There are also several USP10 modulators that indirectly influence USP10 activity. For example, DZNep stabilizes p53 by upregulating USP10 to reduce ubiquitin binding in wild-type GC cells, thereby activating p53 and inhibiting the proliferation of GC cells (89). Quercetin (C15H10O7) is a pentahydroxy flavonoid widely present in vegetables and fruits, and it has been shown that quercetin could reduce USP10 expression, resulting in the downregulation of T-bet expression levels (15). Quercetin inhibits the proliferation of several cancer cells, including colon cancer, breast cancer, and lung cancer (90). However, the mechanism of how quercetin inhibits USP10 remains unclear. Another potential USP10 modulator, Cai’s Neiyi prescription (CNYP), can alleviate inflammation by inhibiting USP10 and promoting apoptosis of endometrial stromal cells, suggesting that CNYP may be an inhibitor of USP10 (91). Unlike other USP10 inhibitors, ubiquitin variant.10.1 (UbV.10.1) is a mixture of peptides and proteins with a high affinity for USP10. UbV.10.1 overexpression can promote the degradation of p53 by inhibiting USP10 (92). However, the antitumor effects of both CNYP and UbV.10.1 have yet to be explored.

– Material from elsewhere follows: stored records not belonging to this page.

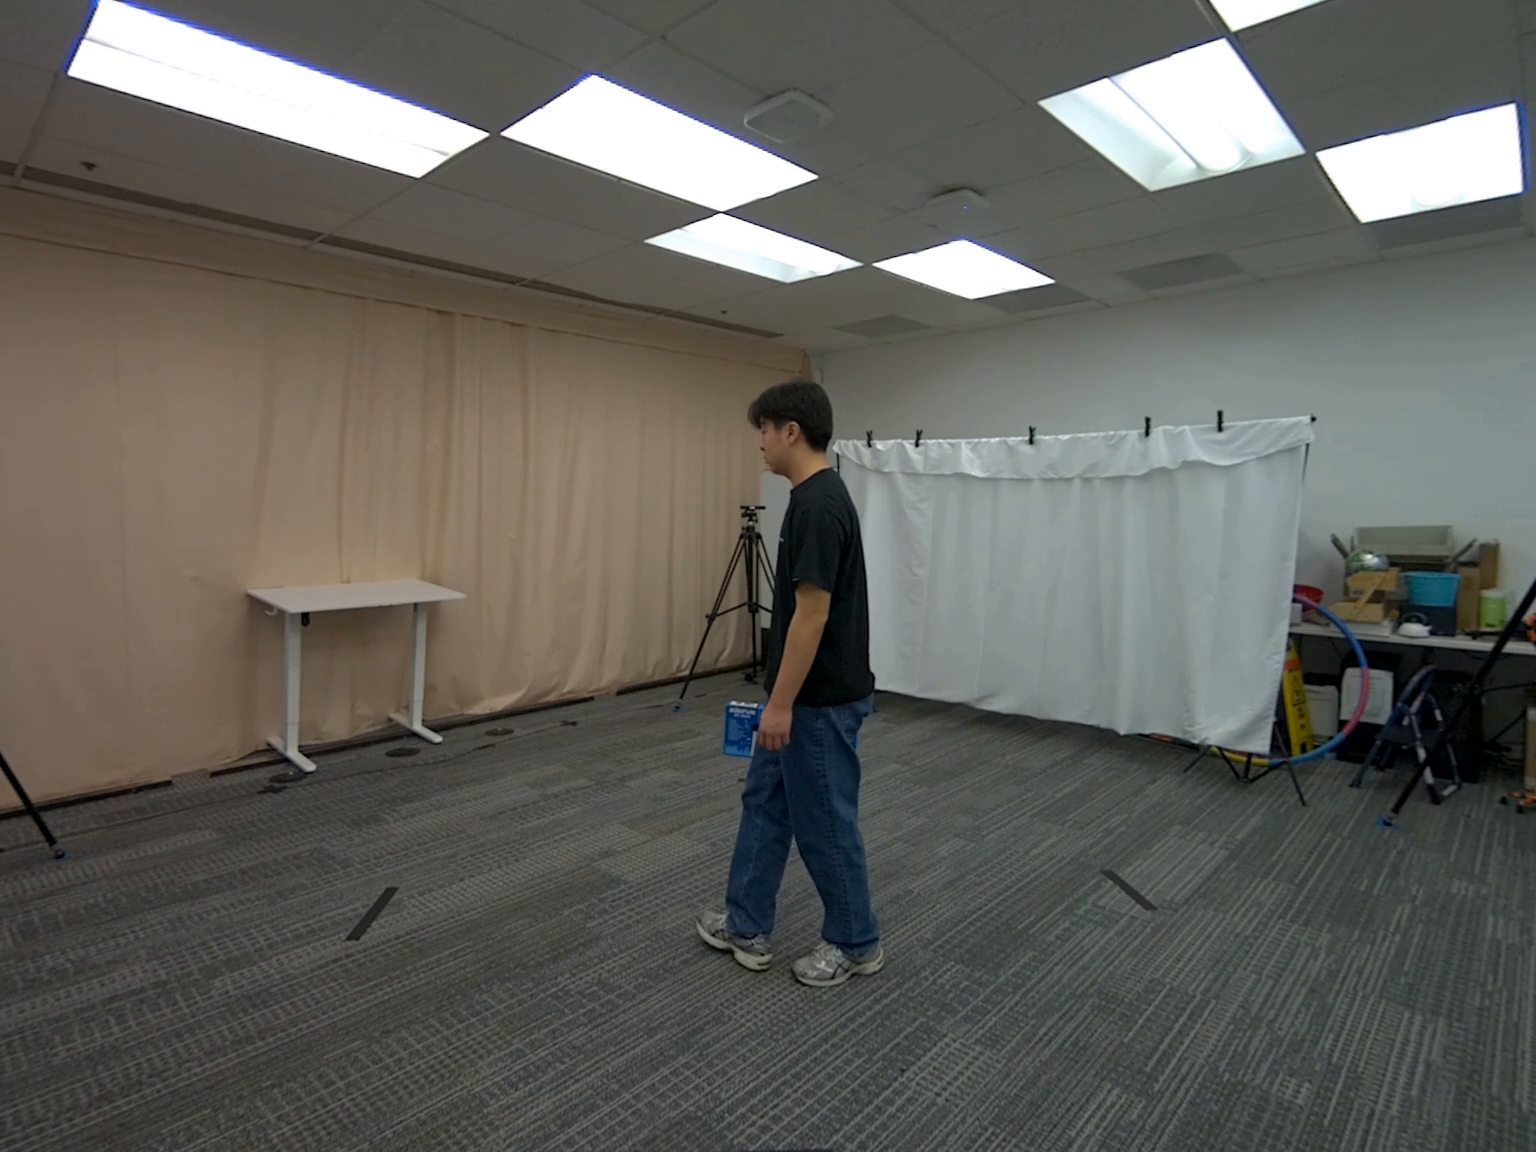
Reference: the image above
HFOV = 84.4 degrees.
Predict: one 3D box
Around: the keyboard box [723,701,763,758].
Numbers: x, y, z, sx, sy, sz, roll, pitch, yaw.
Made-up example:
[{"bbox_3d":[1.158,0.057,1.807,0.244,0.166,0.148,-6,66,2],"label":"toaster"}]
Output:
[{"bbox_3d":[0.076,0.526,2.788,0.443,0.175,0.058,4,4,13],"label":"keyboard box"}]

No USP10 inhibitors have been considered in clinical trials for cancer treatment. This is likely owing to the low selectivity of most USP10 inhibitors. As such, technologies such as polymer chemistry and selective structural modification may offer strategies to improve both the anti-tumor effects of USP10 inhibitors and their selectivity for tumor cells. Furthermore, it would be necessary to identify suitable patients for USP10 inhibitor treatment based on their cancer type. Considering the immunoregulatory role of USP10, combining USP10 inhibitors with immunotherapy may be a promising future research avenue.
Bioinformatics analysis
Abnormal USP10 expression in tumors
After discussing the literature and knowledge gaps above, we found that the role of USP10 in cancer is conflicting. Therefore, to further examine the expression of USP10 in cancer, we compared the differences in USP10 expression between tumor tissues and adjacent normal tissues by analyzing gene expression data of USP10 in different human tumor samples from The Cancer Genome Atlas (TCGA) database. The University of ALabama at Birmingham CANcer data analysis Portal (UALCAN) (93) showed that USP10 gene expression was significantly upregulated in 12 types of tumor samples: breast invasive carcinoma, bladder urothelial carcinoma, cholangiocarcinoma, esophageal carcinoma, colon adenocarcinoma, kidney renal papillary cell carcinoma, head and neck squamous cell carcinoma (HNSC), lung adenocarcinoma, liver hepatocellular carcinoma, lung squamous cell carcinoma, stomach adenocarcinoma, and rectum adenocarcinoma. Conversely, significant downregulation of USP10 gene expression was observed in two types of tumor samples: pheochromocytoma and paraganglioma (PCPG) and uterine corpus endometrial carcinoma (UCEC) (Figure 2A). Based on data from the International Cancer Proteogenome Consortium (ICPC) and the Clinical Proteomic Tumor Analysis Consortium (CPTAC), we analyzed differences in USP10 protein expression between tumor tissues and adjacent normal tissues (94). USP10 protein expression was significantly upregulated in seven types of tumor samples: breast cancer, colon cancer, ovarian cancer, UCEC, lung cancer, HNSC, and glioblastoma. However, significant downregulation of USP10 protein expression was observed in three types of tumor samples: kidney renal clear cell carcinoma (KIRC), pancreatic cancer, and liver cancer (Figure 2B). Interestingly, USP10 was highly expressed in lung cancer samples in the TCGA and CPTAC databases (Figure 2). These results appear to be inconsistent with those reported in the literature. We speculated that it may be due to tumor heterogeneity or the insufficient sample size. Therefore, whether USP10 expression is increased or decreased in lung cancer and whether USP10 plays a role in promoting or suppressing lung cancer require further investigation.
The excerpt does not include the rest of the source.